INFORMATION –
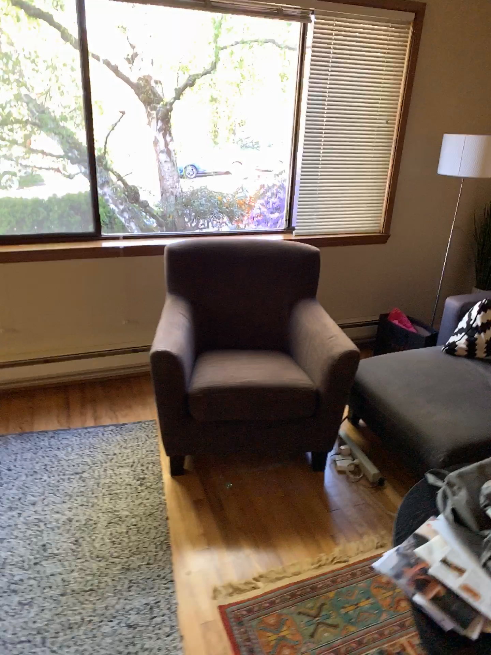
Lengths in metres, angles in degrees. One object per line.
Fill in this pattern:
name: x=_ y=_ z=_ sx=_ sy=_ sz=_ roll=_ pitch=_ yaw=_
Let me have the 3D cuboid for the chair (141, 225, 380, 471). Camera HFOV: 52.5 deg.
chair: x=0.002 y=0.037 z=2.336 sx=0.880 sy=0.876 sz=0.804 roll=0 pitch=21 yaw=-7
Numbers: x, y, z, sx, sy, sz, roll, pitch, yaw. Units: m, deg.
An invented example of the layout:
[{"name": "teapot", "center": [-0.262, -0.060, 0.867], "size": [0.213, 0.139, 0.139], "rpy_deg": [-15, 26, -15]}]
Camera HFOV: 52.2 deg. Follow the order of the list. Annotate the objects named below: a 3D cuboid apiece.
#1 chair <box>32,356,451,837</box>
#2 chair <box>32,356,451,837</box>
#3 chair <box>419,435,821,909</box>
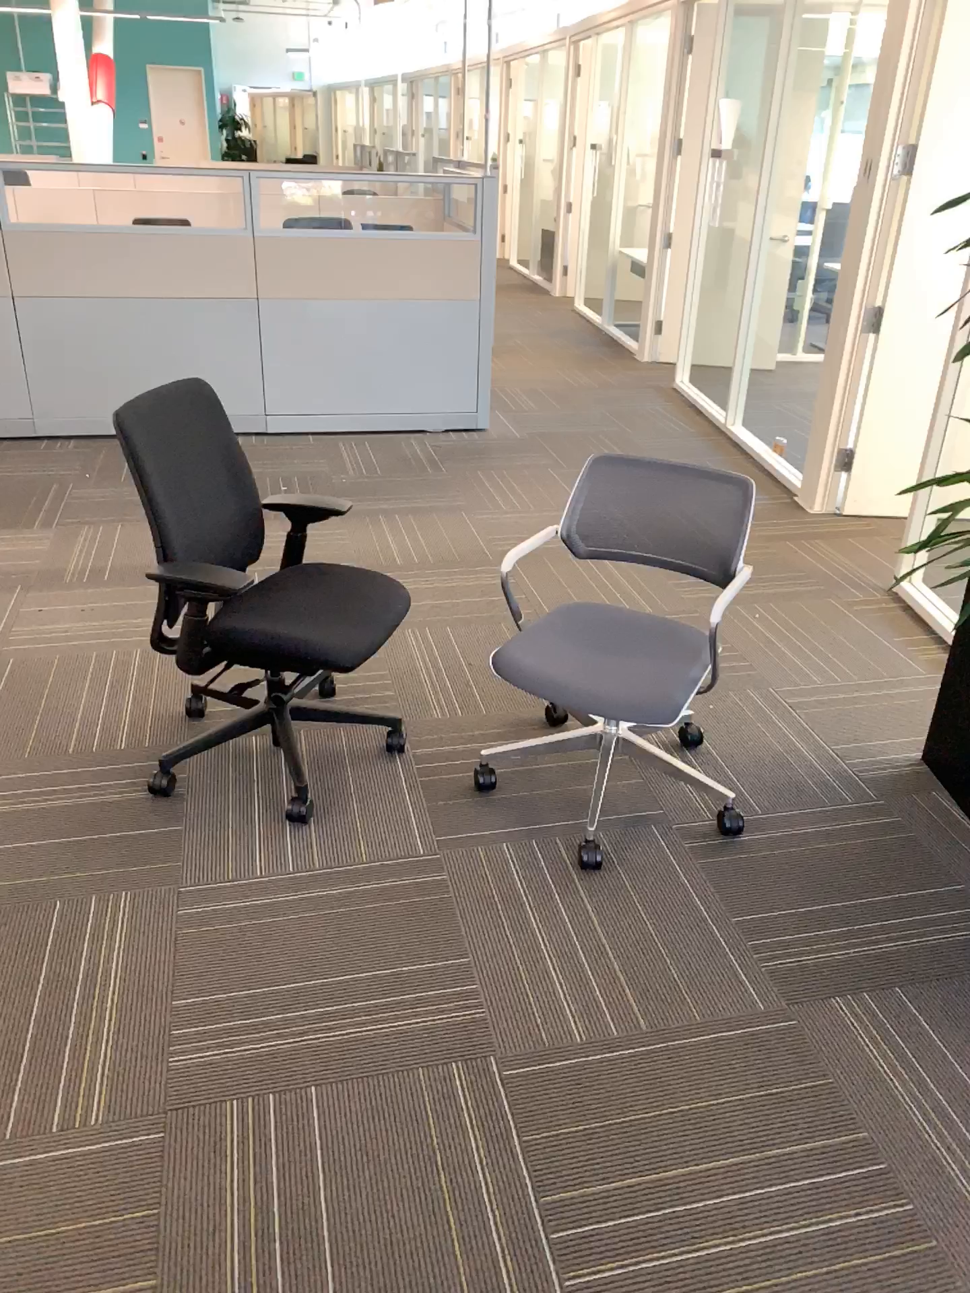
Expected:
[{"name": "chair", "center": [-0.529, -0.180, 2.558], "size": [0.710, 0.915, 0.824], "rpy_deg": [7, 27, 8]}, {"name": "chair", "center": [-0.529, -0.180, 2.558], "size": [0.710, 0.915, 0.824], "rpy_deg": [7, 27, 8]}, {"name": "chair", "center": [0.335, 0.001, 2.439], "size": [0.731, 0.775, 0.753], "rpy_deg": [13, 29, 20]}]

==

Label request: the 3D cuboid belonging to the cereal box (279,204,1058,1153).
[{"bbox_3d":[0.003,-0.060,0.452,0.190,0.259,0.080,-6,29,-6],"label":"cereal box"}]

TASK –
Since only part of the listing is wanted, copy exactly the lines from the one holding "Lengths in metres, angles" to the one holding "An invented example", both included.

OUTPUT OF THE EXERCISE –
Lengths in metres, angles in degrees. One object per line.
Fill in this pattern:
name: x=_ y=_ z=_ sx=_ sy=_ sz=_ roll=_ pitch=_ yaw=_
Let me have the 3D cuboid for the chair (141, 225, 380, 471). Camera HFOV: 52.5 deg.
chair: x=0.002 y=0.037 z=2.336 sx=0.880 sy=0.876 sz=0.804 roll=0 pitch=21 yaw=-7
Numbers: x, y, z, sx, sy, sz, roll, pitch, yaw. Units: m, deg.
An invented example of the layout:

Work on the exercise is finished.